BEGIN

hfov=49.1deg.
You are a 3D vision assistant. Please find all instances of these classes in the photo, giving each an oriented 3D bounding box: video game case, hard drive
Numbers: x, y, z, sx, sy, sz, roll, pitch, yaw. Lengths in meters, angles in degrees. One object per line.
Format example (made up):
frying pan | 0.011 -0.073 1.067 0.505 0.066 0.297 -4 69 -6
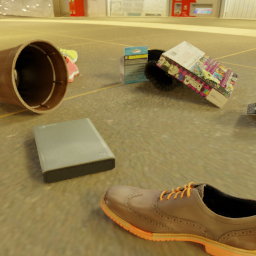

END

_Description of the task_
Your task is to retype, exactly and only, the lines from the line holding "You are a 3D" through the final line of the data above, with both ends kept. Drop the pictures.

_Answer below_
You are a 3D vision assistant. Please find all instances of these classes in the photo, giving each an oriented 3D bounding box: video game case, hard drive
Numbers: x, y, z, sx, sy, sz, roll, pitch, yaw. Lengths in meters, angles in degrees. One object per line.
Format example (made up):
frying pan | 0.011 -0.073 1.067 0.505 0.066 0.297 -4 69 -6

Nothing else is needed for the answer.